Vaccination against Canine parvovirus 2 (CPV-2) is essential for the prophylaxis of this infection, but the choice of the time to give the vaccination is critical with regards to its efficacy. The main factors to take into consideration are maternally derived antibodies (MDA) whose titre in the puppy is directly proportional to the antibody titre in the mother. The puppy’s maternally derived immunity starts to be acquired, albeit to a limited extent, already in the antenatal period, through the placenta. In this period, the foetus receives small amounts of antibodies, about 5-10% of the maternal antibodies.
The puppy’s passive immunity is completed in the first 48 hours of life when, with the assumption of the colostrum, its antibody titre can reach 70-80% of the maternal titre. The colostrum must be assumed within the first 48 hours of life because the puppy’s intestinal mucosa is permeable to the passage of antibodies in this period. The MDA are, however, a sort of two-faced Janus: they provide protection to the puppy, but are also able to block any vaccines administered. Thus, if a vaccination is performed when the young animal still has specific MDA, the antigen will be blocked and stimulation of the immune system will be prevented.
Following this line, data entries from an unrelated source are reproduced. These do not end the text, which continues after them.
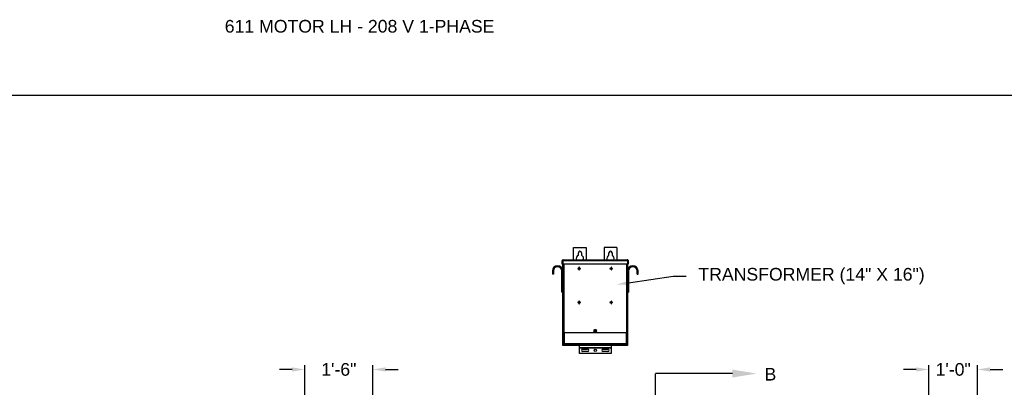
# Model space of a CAD drawing. Header units: inches. Extents: x 170 to 312, y 215 to 248.
# Tile 25 of 256: x 175.25 to 182.56, y 225.33 to 228.05. Entities that reach past the tile are written whole.
import ezdxf
from ezdxf import colors
from ezdxf.entities.mleader import LeaderData, LeaderLine
from ezdxf.math import Vec2, Vec3

# ---------------------------------------------------------------- set-up
doc = ezdxf.new("R2010")
doc.units = ezdxf.units.IN
doc.header["$LTSCALE"] = 0.25
doc.header["$MEASUREMENT"] = 0
doc.linetypes.add('CENTER', pattern=[2, 1.25, -0.25, 0.25, -0.25])
for name, color, linetype in [('ANNOTATIONS', 1, 'Continuous'), ('MOTOR LH', 7, 'Continuous'), ('SECTION CUTS', 6, 'CENTER')]:
    doc.layers.add(name, color=color, linetype=linetype)
doc.styles.add('ARIAL', font='arial.ttf', dxfattribs={"height": 0.09375})
doc.styles.get("Standard").update_dxf_attribs({"font": 'romans.shx'})
doc.dimstyles.new('STANDARD$0', dxfattribs={"dimtxt": 0.09375, "dimasz": 0.09375, "dimexe": 0.03125, "dimexo": 0.046875, "dimgap": 0.09, "dimtad": 0, "dimtih": 1, "dimtoh": 1, "dimdec": 4, "dimzin": 0, "dimdsep": 46, "dimtxsty": 'ARIAL', "dimcen": 0.09, "dimadec": 0, "dimazin": 0, "dimtfac": 1, "dimtdec": 4, "dimtofl": 0, "dimtmove": 0, "dimatfit": 1, "dimfxl": 1, "dimtolj": 1, "dimtzin": 0, "dimarcsym": 0})

# ---------------------------------------------------------------- blocks, each defined once
blk = doc.blocks.new('*D96')
at = {"layer": 'ANNOTATIONS', "color": 0, "lineweight": -2, "transparency": 16777216}
for p, q in [((177.271, 225.4605), (177.1772, 225.4605)), ((177.3647, 225.2707), (177.3647, 225.4918)), ((177.8707, 224.6586), (177.8707, 225.4918)), ((177.9644, 225.4605), (178.0582, 225.4605))]:
    blk.add_line(p, q, dxfattribs=at)
at = {"layer": 'ANNOTATIONS', "color": 0, "transparency": 16777216}
for points in [[(177.271, 225.4761), (177.271, 225.4449), (177.3647, 225.4605)], [(177.9644, 225.4761), (177.9644, 225.4449), (177.8707, 225.4605)]]:
    blk.add_solid(points, dxfattribs=at)
at = {"layer": 'defpoints', "color": 0, "transparency": 16777216}
for p in [(177.3647, 225.4605), (177.3647, 225.2238), (177.8707, 224.6117)]:
    blk.add_point(p, dxfattribs=at)
at = {"layer": 'ANNOTATIONS', "color": 0, "transparency": 16777216, "insert": (177.6177, 225.4605), "char_height": 0.09375, "attachment_point": 5, "style": 'ARIAL'}
blk.add_mtext('\\A1;1\'-6"', dxfattribs=at)
blk = doc.blocks.new('*D97')
at = {"layer": 'ANNOTATIONS', "color": 0, "lineweight": -2, "transparency": 16777216}
for p, q in [((181.9034, 225.4605), (181.8097, 225.4605)), ((181.9972, 224.6586), (181.9972, 225.4918)), ((182.3574, 225.2711), (182.3574, 225.4918)), ((182.4511, 225.4605), (182.5449, 225.4605))]:
    blk.add_line(p, q, dxfattribs=at)
at = {"layer": 'ANNOTATIONS', "color": 0, "transparency": 16777216}
for points in [[(181.9034, 225.4761), (181.9034, 225.4449), (181.9972, 225.4605)], [(182.4511, 225.4761), (182.4511, 225.4449), (182.3574, 225.4605)]]:
    blk.add_solid(points, dxfattribs=at)
at = {"layer": 'defpoints', "color": 0, "transparency": 16777216}
for p in [(181.9972, 225.4605), (182.3574, 225.2242), (181.9972, 224.6117)]:
    blk.add_point(p, dxfattribs=at)
at = {"layer": 'ANNOTATIONS', "color": 0, "transparency": 16777216, "insert": (182.1773, 225.4605), "char_height": 0.09375, "attachment_point": 5, "style": 'ARIAL'}
blk.add_mtext('\\A1;1\'-0"', dxfattribs=at)

msp = doc.modelspace()

# ---------------------------------------------------------------- linework, layer by layer
at = {"layer": 'defpoints'}
msp.add_lwpolyline([(189.05875, 214.75854), (169.58887, 214.75854), (169.58887, 227.49365), (189.05875, 227.49365)], close=True, dxfattribs=at)
at = {"layer": 'MOTOR LH'}
for p, q in [((179.36053, 226.36472), (179.45428, 226.36472)), ((179.36053, 226.27396), (179.36053, 226.36472)), ((179.39569, 226.3074), (179.39569, 226.32566)), ((179.41913, 226.32566), (179.41913, 226.3074)), ((179.45428, 226.36472), (179.45428, 226.27396)), ((179.68084, 226.36472), (179.58709, 226.36472)), ((179.58709, 226.36472), (179.58709, 226.27396)), ((179.62225, 226.3074), (179.62225, 226.32566)), ((179.64569, 226.32566), (179.64569, 226.3074)), ((179.68084, 226.36472), (179.68084, 226.27396)), ((179.27651, 226.26785), (179.2795, 226.26785)), ((179.27651, 226.24076), (179.27651, 226.26785)), ((179.2795, 226.26785), (179.2795, 226.24076)), ((179.27994, 226.26785), (179.76143, 226.26785)), ((179.27994, 226.26785), (179.27994, 226.24076)), ((179.28045, 226.26963), (179.28045, 226.27008)), ((179.28263, 226.27396), (179.75875, 226.27396)), ((179.76092, 226.27008), (179.76092, 226.26963)), ((179.76143, 226.26785), (179.76143, 226.24076)), ((179.76486, 226.26785), (179.76188, 226.26785)), ((179.76188, 226.26785), (179.76188, 226.24076)), ((179.76486, 226.26785), (179.76486, 226.24076)), ((179.21043, 226.19129), (179.20295, 226.19129)), ((179.20295, 226.19129), (179.20295, 226.16754)), ((179.21043, 226.19129), (179.21043, 226.16754)), ((179.27298, 226.03472), (179.27298, 226.19129)), ((179.27298, 226.19129), (179.28045, 226.19129)), ((179.2795, 226.24076), (179.27651, 226.24076)), ((179.76143, 226.24076), (179.27994, 226.24076)), ((179.28045, 225.63816), (179.28045, 226.24076)), ((179.28657, 226.24076), (179.28657, 225.73191)), ((179.40005, 226.20997), (179.39132, 226.20997)), ((179.39132, 226.20997), (179.39132, 226.20698)), ((179.39132, 226.20698), (179.40005, 226.20698)), ((179.40005, 226.2187), (179.40005, 226.20997)), ((179.40304, 226.2187), (179.40005, 226.2187)), ((179.40005, 226.20698), (179.40005, 226.19825)), ((179.40005, 226.19825), (179.40304, 226.19825)), ((179.40304, 226.20997), (179.40304, 226.2187)), ((179.41177, 226.20997), (179.40304, 226.20997)), ((179.40304, 226.19825), (179.40304, 226.20698)), ((179.40304, 226.20698), (179.41177, 226.20698)), ((179.41177, 226.20698), (179.41177, 226.20997)), ((179.63834, 226.20997), (179.6296, 226.20997)), ((179.6296, 226.20997), (179.6296, 226.20698)), ((179.6296, 226.20698), (179.63834, 226.20698)), ((179.64132, 226.2187), (179.63834, 226.2187)), ((179.63834, 226.2187), (179.63834, 226.20997)), ((179.63834, 226.20698), (179.63834, 226.19825)), ((179.63834, 226.19825), (179.64132, 226.19825)), ((179.64132, 226.20997), (179.64132, 226.2187)), ((179.65005, 226.20997), (179.64132, 226.20997)), ((179.64132, 226.20698), (179.65005, 226.20698)), ((179.64132, 226.19825), (179.64132, 226.20698)), ((179.65005, 226.20698), (179.65005, 226.20997)), ((179.75481, 225.73191), (179.75481, 226.24076)), ((179.76092, 226.24076), (179.76092, 225.63816)), ((179.7684, 226.19129), (179.76092, 226.19129)), ((179.76188, 226.24076), (179.76486, 226.24076)), ((179.7684, 226.19129), (179.7684, 226.03472)), ((179.83095, 226.19129), (179.83842, 226.19129)), ((179.83095, 226.16754), (179.83095, 226.19129)), ((179.83842, 226.16754), (179.83842, 226.19129)), ((179.21043, 226.16754), (179.20295, 226.16754)), ((179.83095, 226.16754), (179.83842, 226.16754)), ((179.28045, 226.03472), (179.27298, 226.03472)), ((179.76092, 226.03472), (179.7684, 226.03472)), ((179.40005, 225.95934), (179.39132, 225.95934)), ((179.39132, 225.95934), (179.39132, 225.95635)), ((179.39132, 225.95635), (179.40005, 225.95635)), ((179.40304, 225.96807), (179.40005, 225.96807)), ((179.40005, 225.96807), (179.40005, 225.95934)), ((179.40005, 225.95635), (179.40005, 225.94762)), ((179.40304, 225.95934), (179.40304, 225.96807)), ((179.41177, 225.95934), (179.40304, 225.95934)), ((179.40304, 225.94762), (179.40304, 225.95635)), ((179.40304, 225.95635), (179.41177, 225.95635)), ((179.41177, 225.95635), (179.41177, 225.95934)), ((179.63834, 225.95934), (179.6296, 225.95934)), ((179.6296, 225.95934), (179.6296, 225.95635)), ((179.6296, 225.95635), (179.63834, 225.95635)), ((179.63834, 225.96807), (179.63834, 225.95934)), ((179.64132, 225.96807), (179.63834, 225.96807)), ((179.63834, 225.95635), (179.63834, 225.94762)), ((179.64132, 225.95934), (179.64132, 225.96807)), ((179.65005, 225.95934), (179.64132, 225.95934)), ((179.64132, 225.94762), (179.64132, 225.95635)), ((179.64132, 225.95635), (179.65005, 225.95635)), ((179.65005, 225.95635), (179.65005, 225.95934)), ((179.40005, 225.94762), (179.40304, 225.94762)), ((179.63834, 225.94762), (179.64132, 225.94762)), ((179.76092, 225.73191), (179.28045, 225.73191)), ((179.28344, 225.73191), (179.28344, 225.63816)), ((179.2857, 225.73191), (179.2857, 225.65436)), ((179.28963, 225.73191), (179.28963, 225.65436)), ((179.52655, 225.7534), (179.51483, 225.7534)), ((179.51483, 225.74168), (179.52655, 225.74168)), ((179.75175, 225.65436), (179.75175, 225.73191)), ((179.75568, 225.65436), (179.75568, 225.73191)), ((179.75794, 225.63816), (179.75794, 225.73191)), ((179.28344, 225.72651), (179.2857, 225.72651)), ((179.75568, 225.72651), (179.75794, 225.72651)), ((179.28045, 225.65379), (179.28344, 225.65379)), ((179.76092, 225.63816), (179.28045, 225.63816)), ((179.2857, 225.65436), (179.75568, 225.65436)), ((179.28631, 225.65004), (179.28631, 225.65239)), ((179.28657, 225.63816), (179.28657, 225.64862)), ((179.28725, 225.65132), (179.28725, 225.65004)), ((179.28869, 225.65044), (179.28869, 225.65436)), ((179.28869, 225.65044), (179.75269, 225.65044)), ((179.29038, 225.64691), (179.29038, 225.64597)), ((179.29038, 225.64691), (179.751, 225.64691)), ((179.29038, 225.64597), (179.751, 225.64597)), ((179.31603, 225.65044), (179.31603, 225.64691)), ((179.37466, 225.65004), (179.31603, 225.65004)), ((179.35513, 225.6499), (179.35513, 225.64691)), ((179.35513, 225.6499), (179.46749, 225.6499)), ((179.37466, 225.65044), (179.37466, 225.6499)), ((179.4035, 225.58011), (179.4035, 225.63816)), ((179.63788, 225.61994), (179.4035, 225.61994)), ((179.63788, 225.61905), (179.4035, 225.61905)), ((179.41131, 225.65044), (179.41131, 225.64691)), ((179.42694, 225.61234), (179.46405, 225.61234)), ((179.46405, 225.59476), (179.42694, 225.59476)), ((179.44796, 225.6499), (179.44796, 225.65044)), ((179.59341, 225.65004), (179.44796, 225.65004)), ((179.46749, 225.64691), (179.46749, 225.6499)), ((179.57388, 225.6499), (179.57388, 225.64691)), ((179.57388, 225.6499), (179.68624, 225.6499)), ((179.57733, 225.61234), (179.61444, 225.61234)), ((179.61444, 225.59476), (179.57733, 225.59476)), ((179.59341, 225.65044), (179.59341, 225.6499)), ((179.63006, 225.65044), (179.63006, 225.64691)), ((179.63788, 225.63816), (179.63788, 225.58011)), ((179.66671, 225.6499), (179.66671, 225.65044)), ((179.72534, 225.65004), (179.66671, 225.65004)), ((179.68624, 225.64691), (179.68624, 225.6499)), ((179.72534, 225.64691), (179.72534, 225.65044)), ((179.72967, 225.65044), (179.72967, 225.64691)), ((179.72967, 225.64597), (179.72967, 225.63816)), ((179.751, 225.64691), (179.751, 225.64597)), ((179.75269, 225.65436), (179.75269, 225.65044)), ((179.75413, 225.65132), (179.75413, 225.65004)), ((179.75481, 225.64862), (179.75481, 225.63816)), ((179.75506, 225.65004), (179.75506, 225.65239)), ((179.75794, 225.65379), (179.76092, 225.65379)), ((179.63788, 225.58011), (179.4035, 225.58011))]:
    msp.add_line(p, q, dxfattribs=at)
for centre, radius in [((179.52069, 225.74754), 0.00586), ((179.52069, 225.60355), 0.00879)]:
    msp.add_circle(centre, radius, dxfattribs=at)
for centre, radius, start, end in [((179.40741, 226.32566), 0.01172, 0, 180), ((179.63397, 226.32566), 0.01172, 0, 180), ((179.40741, 226.28269), 0.02734, 115.376934, 198.621435), ((179.40741, 226.28269), 0.02734, 341.378539, 64.623033), ((179.63397, 226.28269), 0.02734, 115.376934, 198.621435), ((179.63397, 226.28269), 0.02734, 341.378539, 64.623033), ((179.2417, 226.19129), 0.03875, 0, 180), ((179.2417, 226.19129), 0.03128, 0, 180), ((179.79967, 226.19129), 0.03875, 0, 180), ((179.79967, 226.19129), 0.03127, 0, 180), ((179.51483, 225.74754), 0.00586, 90, 270), ((179.52655, 225.74754), 0.00586, 270, 90), ((179.29038, 225.65004), 0.00406, 180, 270), ((179.29038, 225.65004), 0.00313, 180, 270), ((179.42694, 225.60355), 0.00879, 90, 270), ((179.46405, 225.60355), 0.00879, 270, 90), ((179.57733, 225.60355), 0.00879, 90, 270), ((179.61444, 225.60355), 0.00879, 270, 90), ((179.751, 225.65004), 0.00313, 270, 0), ((179.751, 225.65004), 0.00406, 270, 0)]:
    msp.add_arc(centre, radius, start, end, dxfattribs=at)
for points, knots in [([(179.28263, 226.27396), (179.28183, 226.27396), (179.28103, 226.2738), (179.27955, 226.27319), (179.27887, 226.27274), (179.27774, 226.2716), (179.27728, 226.27093), (179.27667, 226.26945), (179.27651, 226.26865), (179.27651, 226.26785)], [0, 0, 0, 0, 0.25, 0.25, 0.5, 0.5, 0.75, 0.75, 1, 1, 1, 1]), ([(179.28061, 226.27019), (179.28055, 226.27015), (179.28013, 226.26989), (179.27966, 226.26906), (179.27955, 226.26825), (179.2795, 226.26785)], [0, 0, 0, 0, 0.0891638, 0.5445851, 1, 1, 1, 1]), ([(179.27994, 226.26785), (179.28017, 226.26865), (179.28039, 226.26945), (179.28084, 226.27093), (179.28106, 226.2716), (179.28151, 226.27274), (179.28173, 226.27319), (179.28218, 226.2738), (179.2824, 226.27396), (179.28263, 226.27396)], [0, 0, 0, 0, 0.25, 0.25, 0.5, 0.5, 0.75, 0.75, 1, 1, 1, 1]), ([(179.75875, 226.27396), (179.75897, 226.27396), (179.7592, 226.2738), (179.75965, 226.27319), (179.75987, 226.27274), (179.76032, 226.2716), (179.76054, 226.27093), (179.76099, 226.26945), (179.76121, 226.26865), (179.76143, 226.26785)], [0, 0, 0, 0, 0.25, 0.25, 0.5, 0.5, 0.75, 0.75, 1, 1, 1, 1]), ([(179.76486, 226.26785), (179.76486, 226.26865), (179.7647, 226.26945), (179.76409, 226.27093), (179.76364, 226.2716), (179.76251, 226.27274), (179.76183, 226.27319), (179.76035, 226.2738), (179.75955, 226.27396), (179.75875, 226.27396)], [0, 0, 0, 0, 0.25, 0.25, 0.5, 0.5, 0.75, 0.75, 1, 1, 1, 1]), ([(179.76188, 226.26785), (179.76182, 226.26825), (179.76172, 226.26906), (179.76124, 226.26989), (179.76083, 226.27015), (179.76076, 226.27019)], [0, 0, 0, 0, 0.4554149, 0.9108362, 1, 1, 1, 1]), ([(179.28963, 225.65436), (179.28911, 225.6544), (179.2886, 225.65443), (179.28765, 225.65451), (179.28721, 225.65454), (179.28649, 225.65462), (179.2862, 225.65465), (179.2858, 225.65473), (179.2857, 225.65477), (179.2857, 225.6548)], [0, 0, 0, 0, 0.25, 0.25, 0.5, 0.5, 0.75, 0.75, 1, 1, 1, 1]), ([(179.2857, 225.65436), (179.28576, 225.65384), (179.28588, 225.65281), (179.28679, 225.65154), (179.2878, 225.65076), (179.2885, 225.65065), (179.28869, 225.65062)], [0, 0, 0, 0, 0.2962227, 0.5924445, 0.8886662, 1, 1, 1, 1]), ([(179.75568, 225.6548), (179.75568, 225.65477), (179.75557, 225.65473), (179.75518, 225.65465), (179.75489, 225.65462), (179.75416, 225.65454), (179.75373, 225.65451), (179.75278, 225.65443), (179.75226, 225.6544), (179.75175, 225.65436)], [0, 0, 0, 0, 0.25, 0.25, 0.5, 0.5, 0.75, 0.75, 1, 1, 1, 1]), ([(179.75269, 225.65062), (179.75288, 225.65065), (179.75358, 225.65076), (179.75459, 225.65154), (179.7555, 225.65281), (179.75562, 225.65384), (179.75568, 225.65436)], [0, 0, 0, 0, 0.1113338, 0.4075555, 0.7037773, 1, 1, 1, 1])]:
    msp.add_open_spline(points, degree=3, knots=knots, dxfattribs=at)
at = {"layer": 'SECTION CUTS'}
msp.add_line((179.96913, 220.21502), (179.96913, 225.4303), dxfattribs=at)

# ---------------------------------------------------------------- texts
at = {"layer": 'ANNOTATIONS', "insert": (176.77122, 228.05267), "char_height": 0.09375, "width": 6.6097632, "attachment_point": 1, "line_spacing_factor": 0.86134, "style": 'ARIAL'}
msp.add_mtext('611 MOTOR LH - 208 V 1-PHASE', dxfattribs=at)
at = {"layer": 'SECTION CUTS', "style": 'ARIAL'}
msp.add_text('B', height=0.09375, dxfattribs=at).set_placement((180.77715, 225.3786))

# ---------------------------------------------------------------- dimensions: what is measured, and where the dimension line sits
at = {"layer": 'ANNOTATIONS'}
for base, p1, p2, text, picture, middle in [((177.36474, 225.46051), (177.87069, 224.61169), (177.36474, 225.22384), '1\'-6"', '*D96', (177.61771, 225.46051)), ((181.99718, 225.46051), (182.35738, 225.22422), (181.99718, 224.61169), '1\'-0"', '*D97', (182.17728, 225.46051))]:
    dim = msp.add_linear_dim(base=base, p1=p1, p2=p2, angle=180, text=text, dimstyle='STANDARD$0', dxfattribs=at)
    dim.commit()
    dim.dimension.update_dxf_attribs({"geometry": picture, "text_midpoint": middle, "dimtype": 160})

# ---------------------------------------------------------------- leaders
ml = msp.add_multileader_mtext('Standard', dxfattribs=at)
ml.set_content('TRANSFORMER (14" X 16")', color=256, style='ARIAL')
ml.set_leader_properties()
ml.build(insert=Vec2(0, 0))
ml.multileader.update_dxf_attribs({"dogleg_length": 0.36, "arrow_head_size": 0.09375})
ctx = ml.context
ctx.base_point, ctx.char_height, ctx.arrow_head_size, ctx.landing_gap_size, ctx.plane_origin = Vec3(180.19651, 226.15291), 0.09375, 0.09375, 0.09, Vec3(179.41147, 225.71968)
notes = []
notes.append((ctx, [(0, (1, 1, 0), (180.09855, 226.15291), (1, 0), 0.09796, [(0, [(179.67585, 226.08903)], 0, [])])]))
ctx.mtext.insert, ctx.mtext.flow_direction = Vec3(180.28651, 226.21356), 5
at = {"layer": 'SECTION CUTS'}
ml = msp.add_multileader_mtext('Standard', dxfattribs=at)
ml.set_content('', color=256)
ml.set_leader_properties()
ml.build(insert=Vec2(0, 0))
ml.multileader.update_dxf_attribs({"dogleg_length": 0, "arrow_head_size": 0.18})
ctx = ml.context
ctx.base_point, ctx.char_height, ctx.arrow_head_size, ctx.landing_gap_size, ctx.plane_origin, ctx.plane_x_axis, ctx.plane_y_axis = Vec3(179.96913, 225.4303), 0.18, 0.18, 0, Vec3(180.71865, 225.4303), Vec3(0, 1), Vec3(-1, 0)
notes.append((ctx, [(0, (1, 1, 0), (179.96913, 225.4303), (1, 0), 0, [(0, [(180.71865, 225.4303)], 0, [])])]))
ctx.mtext.insert, ctx.mtext.text_direction, ctx.mtext.rotation, ctx.mtext.flow_direction = Vec3(179.87913, 225.4303), Vec3(0, 1), 1.5707963, 5
for ctx, leaders in notes:
    for number, flags, end, landing, length, lines in leaders:
        leader = LeaderData()
        leader.index, (leader.has_last_leader_line, leader.has_dogleg_vector, leader.attachment_direction) = number, flags
        leader.last_leader_point, leader.dogleg_vector, leader.dogleg_length = Vec3(end), Vec3(landing), length
        for number, points, colour, breaks in lines:
            line = LeaderLine()
            line.index, line.vertices, line.color, line.breaks = number, Vec3.list(points), colors.encode_raw_color(colour), breaks
            leader.lines.append(line)
        ctx.leaders.append(leader)

doc.saveas('drawing.dxf')

In order to obtain a good post-vaccine immune response the puppy must not have MDA or the level of these must be below that which could cause interference with the vaccination. It is very difficult to determine when to vaccinate a puppy unless its antibody titre is known. The difficulty arises from the fact that each bitch has her own immunological history (different antibody titres) and, even within the same litter, each pup can have its own colostral immunity profile.
With good approximation, the ideal time to vaccinate a puppy should be between the 50th and 60th day of life. However, this is not always the case and, in particular, is not so for all pathogens. Furthermore, it is worth recalling that the disappearance of MDA in the post-natal period is linear as a function of time, in that the antibodies have a half-life of 9-10 days. The half-life of MDA is related to body growth (dilution of the total volume of blood) and to the catabolism of proteins.
Graph 1
Graph 1 shows the decrease in antibody titre in a puppy whose MDA intake had been, for example, equivalent to a titre of 1:640. It can be noted that the antibodies do not disappear before 10-11 weeks of life.
Varying the antibody titres at birth (according to the titre in the mother) will, obviously, also change how long the antibodies persist in the puppy. In conclusion, each puppy has its own MDA profile.
At this point it is worth remembering the relationships between:
- the titre of MDA and protection from infection;
- the titre of MDA and response to vaccination.
With respect to the antibody titres, the response of dogs to infection is as follows:
- <1:20 → infection with disease;
- 1:20 - 1:80 → subclinical infection;
- >1:80 → complete protection.
Again with respect to antibody titres, the response of dogs to vaccination is as follows:
- <1:20 → good response
- >1:20 → lack of response (interference).
Putting together this information, it can be readily deduced that there is a particular period in the puppy’s life (immunological gap) in which the antibody titres are below the protective threshold (<1:80) but still to high to allow an active response to vaccination. For this reason, a puppy vaccinated in this particular period could subsequently develop the disease since it was not immunized.
Graph 2
Graph 2 shows the same example as in graph 1, but integrated with the information given above. It can be seen that the “immunological gap” (shown in red) extends from the 5thto 8th weeks of the puppy’s life, although it could obviously be anticipated or delayed as a function of the initial antibody titre.
It can be readily appreciated from the foregoing how complex it is to identify the best moment to vaccinate a puppy without knowing its antibody titres. The information also provides a rational explanation for the many episodes of disease observed in “correctly” vaccinated puppies.